I've been thinking a lot this week about the rather terrifying arithmetic behind the climate breakdown. As usual, Magiamma's fantastic weekly summary prompted a great discussion and I found myself responding to a just question from Cassiodorus with a longer comment than my usual terse drive by missives.
How do they sift the whole of Earth's atmosphere
to remove CO2 from it? And how much energy does that take?
Now, of course carbon capture math makes no sense, given our current economic system. There is no market for CO2 once you get past a few niches like greenhouses. None.
In fact, rarely do I see anyone with a grip on the scale of the problem. In the comments I saw the old saw about a “Manhattan Project” but as someone once remarked, that is a science project and what we really need is the same effort that went into WWII for about 14 years with everyone on the same side.
I’m not fan of Ted talks, but the late David Mackay gives a bit of the flavor. And Brett Victor has a web site with some excellent graphics that help get the point across. The numbers are big and the answer to do we need to do X or Y is basically "Yes".

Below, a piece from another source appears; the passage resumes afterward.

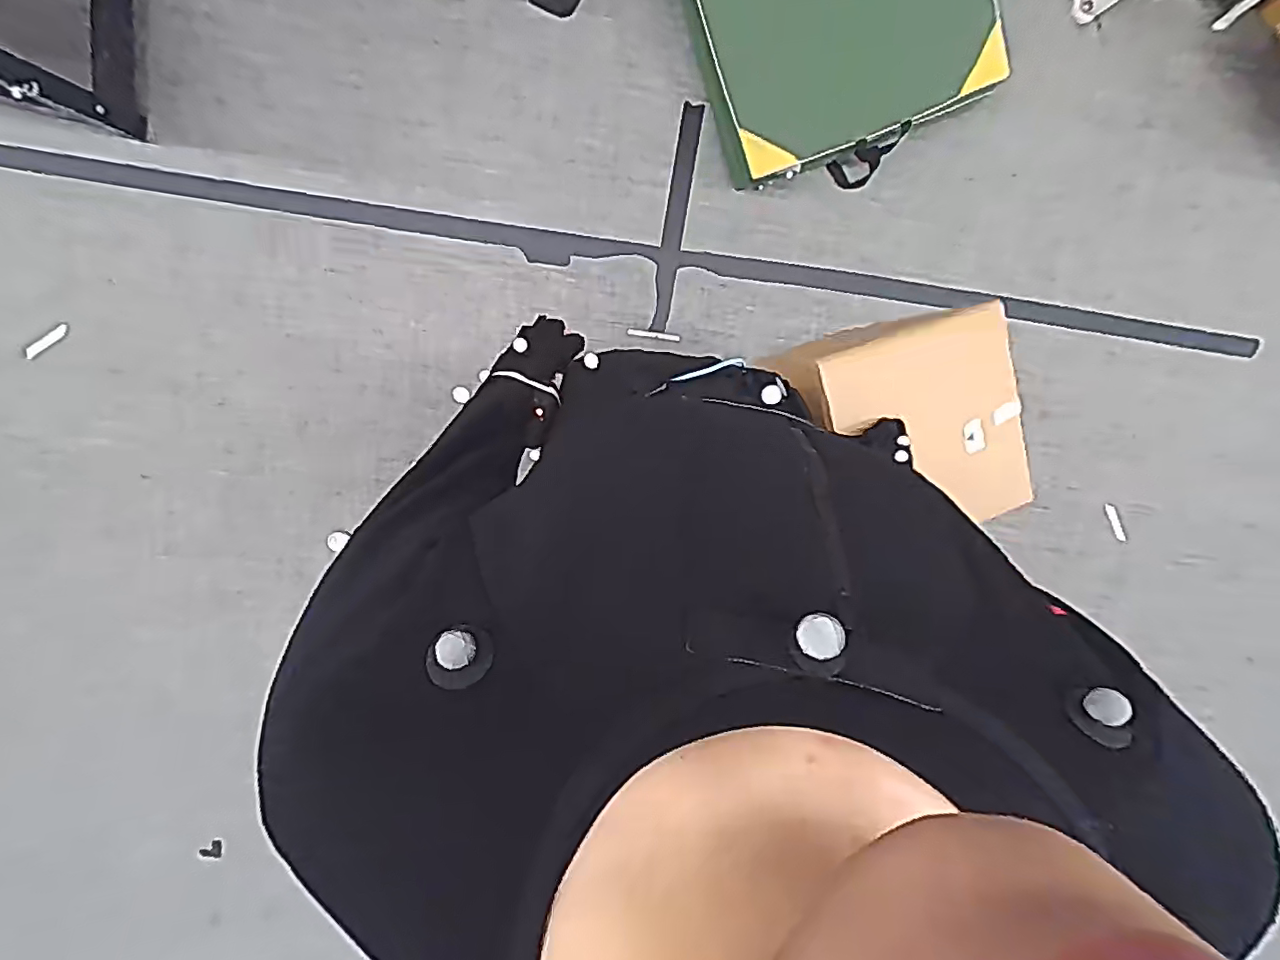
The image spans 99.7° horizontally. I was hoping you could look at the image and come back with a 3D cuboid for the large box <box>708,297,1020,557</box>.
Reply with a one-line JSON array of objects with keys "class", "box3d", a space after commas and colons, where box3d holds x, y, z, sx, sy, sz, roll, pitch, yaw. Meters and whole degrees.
[{"class": "large box", "box3d": [0.370, -0.101, 0.980, 0.320, 0.408, 0.320, -20, 101, -9]}]

The other day I was at a statistics seminar at the University of Washington, where the guy who built the U.N.'s new Bayesian carbon forecasting model was describing it and taking us through some implications. There are basically three components of carbon Impact: Population, Affluence and Technology (the IPAT equation). It is often said that the problem we have is population growth but according to the model, population only accounts for about 2% of the variance in CO2 projections for 2100. The variance from the other two are about equal.
One surprising result about population growth is that he expects Africa to generate about 75% of the population growth but only 6% of the carbon impact. So population is not the problem in the short term - at least for carbon pollution - and we can't really change that trajectory very quickly without unimaginable levels of violence.

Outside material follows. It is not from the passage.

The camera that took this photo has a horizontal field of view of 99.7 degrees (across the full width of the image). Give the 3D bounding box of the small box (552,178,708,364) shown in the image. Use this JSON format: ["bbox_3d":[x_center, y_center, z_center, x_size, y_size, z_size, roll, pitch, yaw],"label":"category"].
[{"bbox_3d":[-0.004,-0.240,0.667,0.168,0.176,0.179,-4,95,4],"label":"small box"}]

So our only real choices are to reduce per capita GDP or increase the carbon efficiency of that GDP generation. Personally I think we need to do both starting about 10 years ago. But there is no way this can happen as society is currently structured. This is what the numbers are telling us.
I just finished Debt: The First 5000 Years and one thing that gives me hope is the anthropological insight that the current economic order is not the only one humans have used at scale. We are not naturally as predatory as the Libertarians would have us believe, but how long does a change like that take?
Cass finished with the real political problem:
And here's a vital question: are the oil companies to go on their merry ways?
Societies faced with extinction can often do incredible things, including reshaping their economies. They can also ignore the problem and disappear. But we are that society. So get out there and make some noise.